Der Generalanwalt prüft anschließend trotz des Entscheidungsvorschlags hinsichtlich der Arbeitgebereigenschaft von AFMB die beiden übrigen Fragen, die der Centrale Raad van Beroep vorgelegt hat. Diese Fragen betreffen zum einen die Möglichkeit, auf die betreffenden Fahrer die Regelung über entsandte Arbeitnehmer anzuwenden, und zum anderen das Vorliegen eines Rechtsmissbrauchs durch die zyprische Gesellschaft.

Der Generalanwalt macht deutlich, dass es sich nicht um eine „Entsendung“ im eigentlichen Sinne handele, sondern AFMB den in den Niederlanden ansässigen Unternehmen Arbeitnehmer auf unbestimmte Zeit „zur Verfügung stellt“, wobei sich die Rolle, die AFMB gegenüber den Fahrern spiele, im Wesentlichen auf die Zahlung des Gehalts und die Leistung der Sozialbeiträge an die zyprische Behörde beschränkt habe. Er schlägt daher vor, die Frage des niederländischen Gerichts zu verneinen.

Zu der Frage des Rechtsmissbrauchs führt der Generalanwalt aus, dass AFMB die Arbeitgebereigenschaft durch eine ausgeklügelte Konstruktion des Privatrechts erlangt habe.
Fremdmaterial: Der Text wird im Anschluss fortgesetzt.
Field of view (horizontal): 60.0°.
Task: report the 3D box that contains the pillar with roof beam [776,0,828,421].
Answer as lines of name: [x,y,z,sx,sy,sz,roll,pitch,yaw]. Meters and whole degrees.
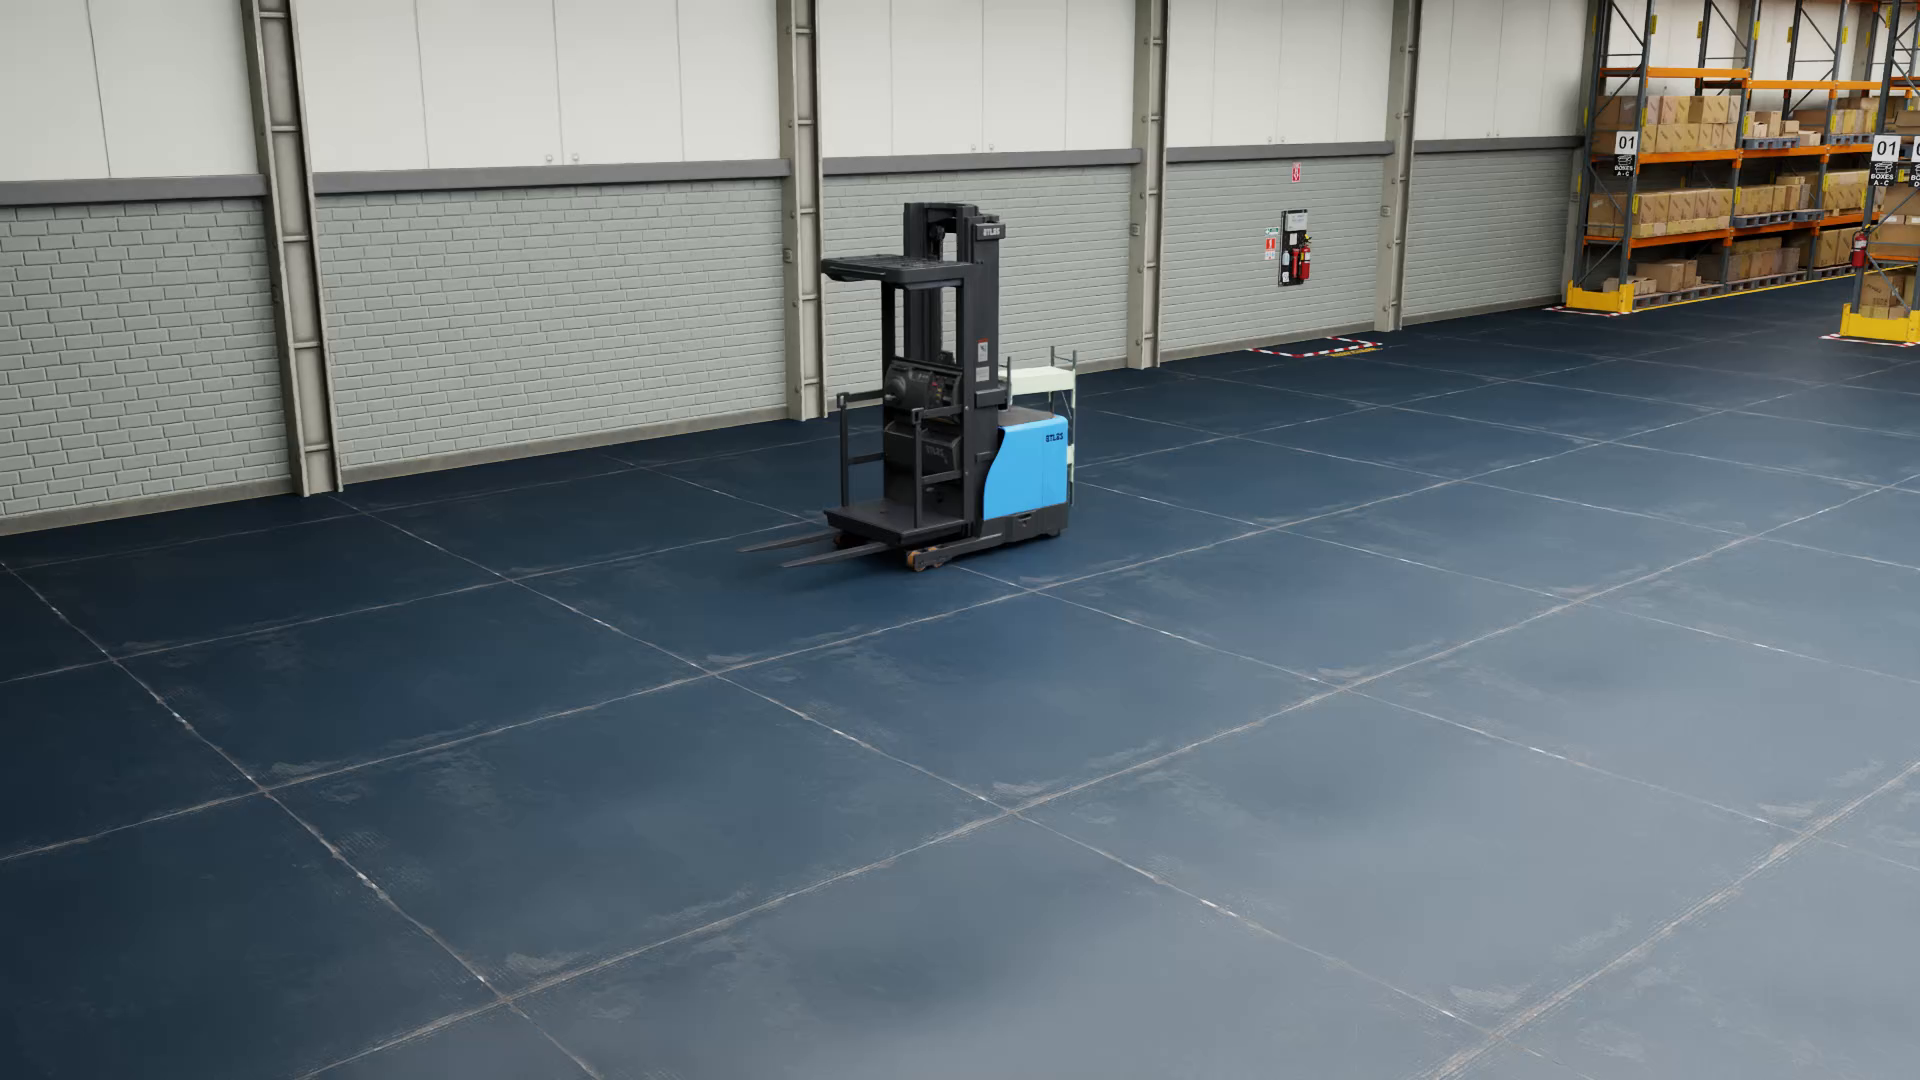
pillar with roof beam: [0.958,-5.011,16.071,0.400,9.000,9.100,-13,19,-39]

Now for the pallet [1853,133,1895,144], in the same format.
pallet: [20.144,-8.937,36.955,1.217,0.209,0.805,-14,20,-42]

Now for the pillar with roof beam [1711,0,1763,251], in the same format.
pillar with roof beam: [19.063,-9.076,31.292,0.400,9.000,9.100,-13,19,-39]

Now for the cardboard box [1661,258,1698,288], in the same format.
cardboard box: [14.011,-5.212,32.440,0.500,0.500,0.500,14,21,43]

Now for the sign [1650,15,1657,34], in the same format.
sign: [12.106,-8.995,29.024,0.005,0.325,0.100,-13,19,-39]

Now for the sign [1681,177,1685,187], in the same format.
sign: [14.401,-7.057,33.114,0.005,0.325,0.100,-13,19,-39]

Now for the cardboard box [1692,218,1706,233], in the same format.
cardboard box: [13.859,-6.017,31.717,0.500,0.250,0.500,-13,20,-40]

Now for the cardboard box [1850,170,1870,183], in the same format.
cardboard box: [19.842,-8.009,36.661,0.500,0.250,0.500,-12,19,-38]

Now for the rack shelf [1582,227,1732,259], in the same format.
rack shelf: [13.259,-5.704,31.686,4.000,0.370,1.077,-13,19,-39]

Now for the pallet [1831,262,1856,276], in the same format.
pallet: [19.350,-6.045,36.973,1.213,0.211,1.003,-13,19,-39]

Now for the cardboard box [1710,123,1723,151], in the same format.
cardboard box: [14.159,-7.681,31.647,0.500,0.500,0.500,14,20,42]

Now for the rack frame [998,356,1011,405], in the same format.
rack frame: [0.356,-0.998,15.574,0.023,1.500,0.400,-9,17,-30]

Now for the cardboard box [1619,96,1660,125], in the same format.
cardboard box: [12.200,-7.721,29.860,0.500,0.500,0.500,14,21,43]

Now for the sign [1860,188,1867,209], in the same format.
sign: [14.659,-5.531,26.941,0.005,0.325,0.100,-13,19,-39]

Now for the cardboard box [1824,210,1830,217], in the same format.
cardboard box: [18.382,-7.008,35.621,0.250,0.149,0.380,-12,19,-39]

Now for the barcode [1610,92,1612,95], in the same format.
barcode: [11.958,-8.201,30.533,0.075,0.075,0.001,-13,19,-39]

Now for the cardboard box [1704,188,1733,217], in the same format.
cardboard box: [14.614,-6.550,32.256,0.500,0.500,0.500,-13,20,-39]

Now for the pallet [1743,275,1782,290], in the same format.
pallet: [16.275,-5.383,34.494,1.213,0.211,1.003,-13,19,-39]

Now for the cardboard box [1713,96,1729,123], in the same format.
cardboard box: [14.159,-8.148,31.457,0.500,0.500,0.500,-11,19,-36]

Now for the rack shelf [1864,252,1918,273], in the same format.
rack shelf: [16.514,-4.740,28.078,4.000,0.370,1.077,-13,19,-39]

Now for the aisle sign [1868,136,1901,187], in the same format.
aisle sign: [14.763,-6.051,26.553,0.004,0.787,0.394,-13,19,-39]

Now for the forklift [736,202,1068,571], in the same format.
forklift: [-0.474,-1.309,13.970,3.031,2.935,1.130,-13,20,-40]

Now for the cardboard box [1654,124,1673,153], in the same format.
cardboard box: [12.595,-7.312,30.266,0.500,0.500,0.500,-11,19,-36]

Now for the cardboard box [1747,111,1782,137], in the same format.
cardboard box: [16.163,-8.377,33.478,0.500,0.500,0.500,-14,20,-41]

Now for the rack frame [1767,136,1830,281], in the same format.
rack frame: [17.785,-7.068,35.398,0.127,3.000,1.000,-13,19,-39]

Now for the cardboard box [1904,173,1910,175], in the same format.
cardboard box: [22.901,-8.354,39.633,0.700,0.700,0.980,-13,20,-40]

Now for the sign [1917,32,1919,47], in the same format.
sign: [21.168,-11.030,36.642,0.005,0.325,0.100,-13,19,-39]

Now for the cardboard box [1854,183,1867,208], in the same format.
cardboard box: [19.484,-7.563,36.441,0.500,0.500,0.500,-12,19,-38]

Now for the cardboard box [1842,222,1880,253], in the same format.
cardboard box: [20.398,-6.774,37.651,0.750,0.750,0.750,-12,19,-39]

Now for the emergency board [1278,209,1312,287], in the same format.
emergency board: [5.295,-4.572,26.054,0.643,1.169,0.194,-13,19,-39]

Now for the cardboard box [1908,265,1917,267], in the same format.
cardboard box: [16.713,-4.476,28.757,0.500,0.500,0.500,-13,19,-39]

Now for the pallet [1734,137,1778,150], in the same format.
pallet: [15.304,-7.833,32.812,1.003,0.211,1.213,-13,19,-39]

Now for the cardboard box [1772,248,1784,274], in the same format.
cardboard box: [16.812,-5.876,34.927,0.500,0.500,0.700,-13,20,-39]

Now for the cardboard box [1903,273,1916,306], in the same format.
cardboard box: [15.932,-4.118,27.417,0.500,0.500,0.500,-13,19,-39]

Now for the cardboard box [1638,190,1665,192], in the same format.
cardboard box: [13.120,-6.391,31.661,0.500,0.500,0.500,-12,19,-39]

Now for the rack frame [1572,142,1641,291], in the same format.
rack frame: [11.750,-5.713,30.325,0.127,3.000,1.000,-13,19,-39]

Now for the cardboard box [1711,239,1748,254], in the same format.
cardboard box: [15.642,-5.961,33.791,0.500,0.250,0.500,-13,20,-41]

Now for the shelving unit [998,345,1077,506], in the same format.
shelving unit: [0.668,-1.047,15.760,0.755,1.500,0.431,-9,17,-30]

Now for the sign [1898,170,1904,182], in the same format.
sign: [21.167,-8.163,37.406,0.005,0.325,0.100,-13,19,-39]

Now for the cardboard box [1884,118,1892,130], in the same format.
cardboard box: [21.165,-9.535,38.105,0.500,0.250,0.500,-12,19,-39]

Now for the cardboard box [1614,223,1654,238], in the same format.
cardboard box: [12.327,-5.671,30.419,0.500,0.250,0.500,-13,20,-41]

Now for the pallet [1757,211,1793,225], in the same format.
pallet: [16.319,-6.632,34.138,1.213,0.211,1.003,-13,19,-39]

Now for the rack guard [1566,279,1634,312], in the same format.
rack guard: [11.808,-4.518,30.695,0.348,0.500,1.175,-13,19,-39]

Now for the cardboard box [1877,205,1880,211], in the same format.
cardboard box: [20.334,-7.439,37.235,0.250,0.149,0.380,-12,19,-38]

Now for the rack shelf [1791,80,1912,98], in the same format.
rack shelf: [19.294,-9.764,36.037,4.000,0.370,1.077,-13,19,-39]

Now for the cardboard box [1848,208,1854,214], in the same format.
cardboard box: [19.336,-7.229,36.449,0.250,0.149,0.380,-13,19,-39]

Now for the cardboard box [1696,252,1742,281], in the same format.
cardboard box: [15.312,-5.523,33.606,0.500,0.500,0.700,-12,19,-38]

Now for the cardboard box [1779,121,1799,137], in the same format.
cardboard box: [16.747,-8.375,34.241,0.637,0.503,0.797,-9,18,-32]

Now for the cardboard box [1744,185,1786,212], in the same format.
cardboard box: [16.512,-7.032,34.217,0.500,0.500,0.700,-13,19,-39]

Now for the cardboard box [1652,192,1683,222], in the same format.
cardboard box: [13.081,-6.203,30.958,0.500,0.500,0.500,-13,20,-41]

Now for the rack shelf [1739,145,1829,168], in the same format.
rack shelf: [16.277,-7.831,33.835,4.000,0.370,1.077,-13,19,-39]

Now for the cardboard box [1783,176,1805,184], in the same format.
cardboard box: [17.545,-7.578,35.004,0.380,0.149,0.250,13,20,40]

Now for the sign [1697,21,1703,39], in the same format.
sign: [14.399,-9.924,32.347,0.005,0.325,0.100,-13,19,-39]

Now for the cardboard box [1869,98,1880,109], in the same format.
cardboard box: [20.053,-9.694,36.919,0.500,0.250,0.500,-11,18,-35]

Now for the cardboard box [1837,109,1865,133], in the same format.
cardboard box: [19.270,-9.149,36.329,0.500,0.500,0.700,-13,20,-39]

Dagegen hätten ihre Vertragspartner die tatsächliche Kontrolle gegenüber den Arbeitnehmern ausgeübt, was normalerweise unter die Befugnisse des Arbeitgebers im Rahmen eines Arbeitsverhältnisses falle. Zudem habe sich AFMB auf die Grundfreiheiten des Binnenmarkts berufen können, um sich in Zypern niederzulassen und von dort aus Dienstleistungen an in den Niederlanden ansässige Unternehmen zu erbringen. Außerdem scheine die Umsetzung dieser rechtlichen Konstruktion zu einer Verschlechterung des Sozialversicherungsschutzes der Fahrer geführt zu haben, während die früheren Arbeitgeber daraus offenbar Vorteile bei den Gehaltskosten gezogen hätten. Der Generalanwalt gelangt zu dem Schluss, dass – vorbehaltlich der vom Centrale Raad van Beroep vorzunehmenden Würdigung – ein Rechtsmissbrauch vorliege, der es AFMB verbiete, sich auf ihre angebliche Arbeitgebereigenschaft zu berufen, um beim RSVB zu beantragen, die zyprischen Rechtsvorschriften für auf die betreffenden Fahrer anwendbar zu erklären.

Fußnote

1 Verordnung (EG) Nr. 883/2004 des Europäischen Parlaments und des Rates vom 29. April 2004 zur Koordinierung der Systeme der sozialen Sicherheit (ABl. 2004, L 166, S. 1).